____ Data provided

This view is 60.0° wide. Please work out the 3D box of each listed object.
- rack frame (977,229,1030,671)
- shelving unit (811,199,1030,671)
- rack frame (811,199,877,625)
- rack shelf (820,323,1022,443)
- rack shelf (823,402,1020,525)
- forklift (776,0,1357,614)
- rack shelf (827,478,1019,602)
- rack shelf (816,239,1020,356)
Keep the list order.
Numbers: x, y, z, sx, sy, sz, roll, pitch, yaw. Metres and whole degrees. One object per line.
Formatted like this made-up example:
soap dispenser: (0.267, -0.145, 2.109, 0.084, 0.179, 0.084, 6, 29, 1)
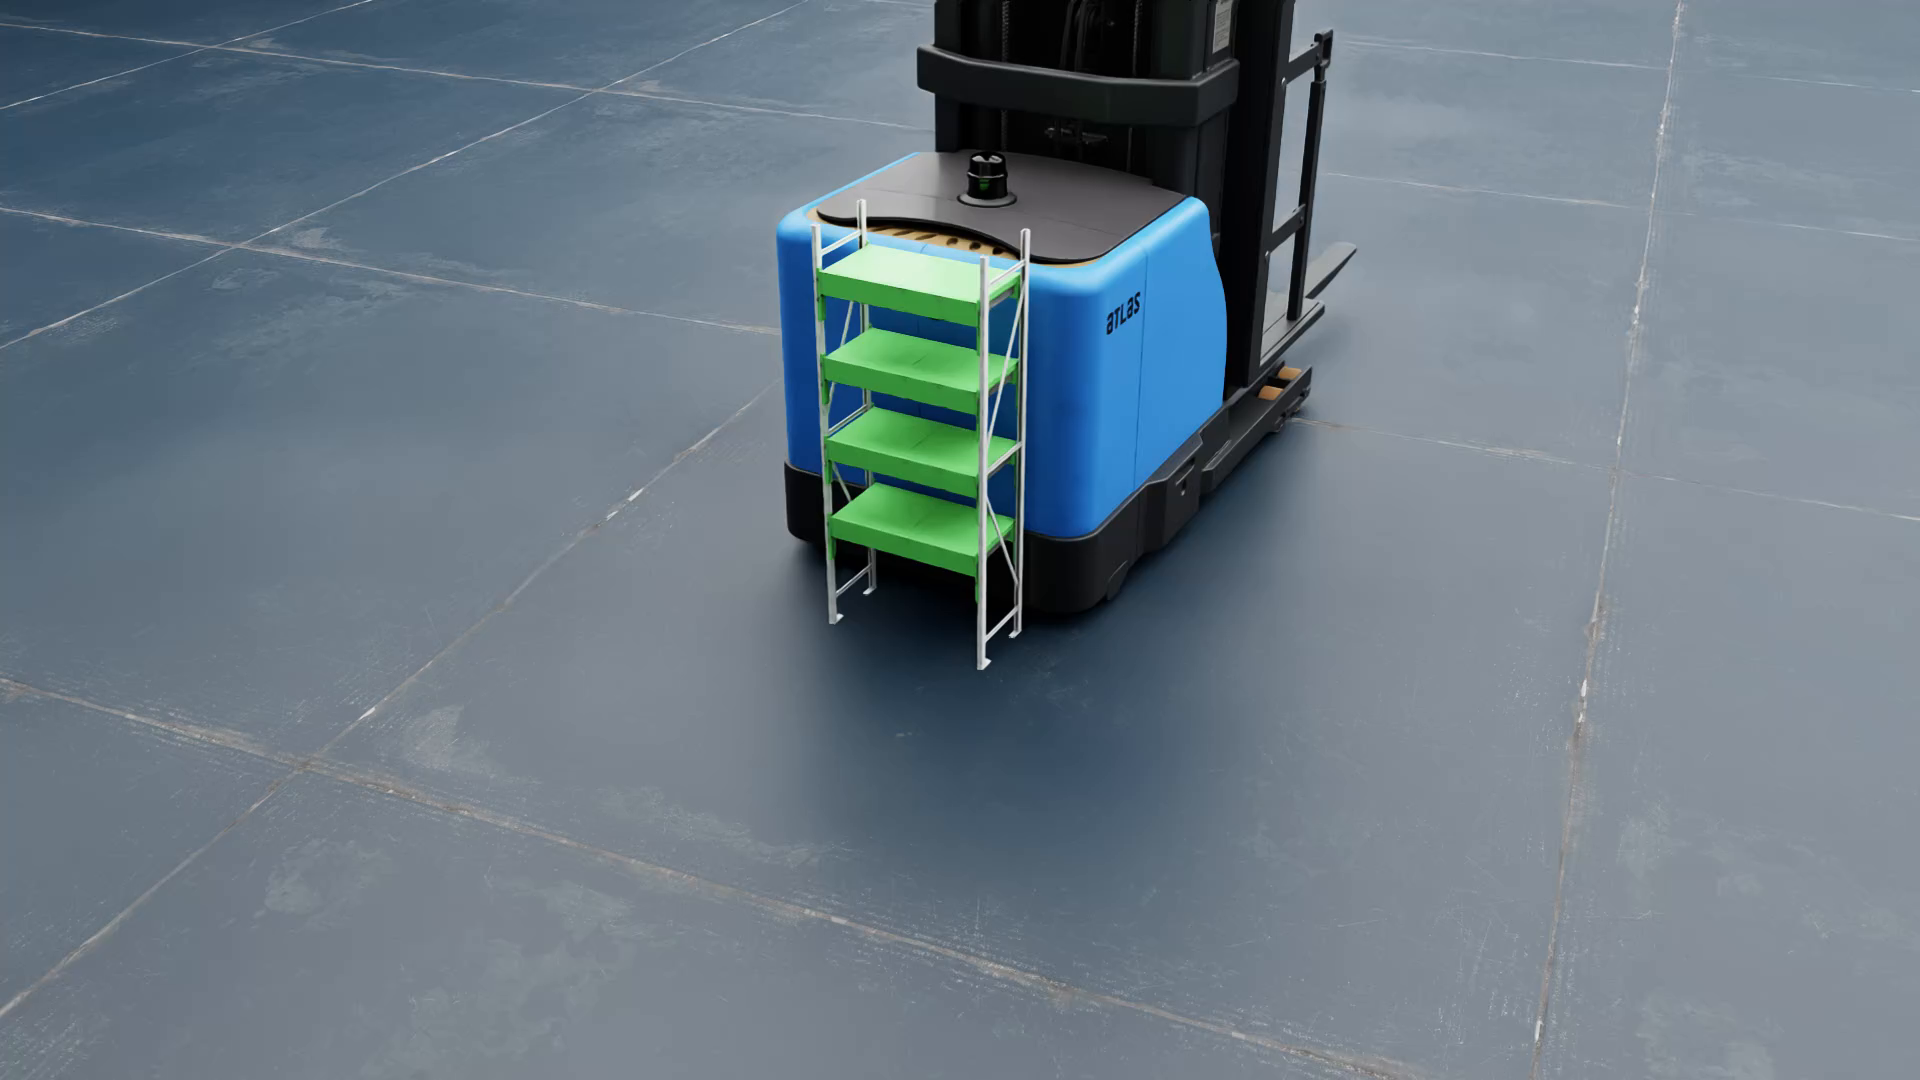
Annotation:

________

Leave the pictures out and reproduce exactly the lines from the line with "- forklift (776,0,1357,614)" to the end of the material above.

▶ [Your solution]
- forklift (776,0,1357,614)
- rack shelf (827,478,1019,602)
- rack shelf (816,239,1020,356)
Keep the list order.
Numbers: x, y, z, sx, sy, sz, roll, pitch, yaw. Metres and whole degrees. One object per line.
Formatted like this made-up example:
soap dispenser: (0.267, -0.145, 2.109, 0.084, 0.179, 0.084, 6, 29, 1)
Annotation:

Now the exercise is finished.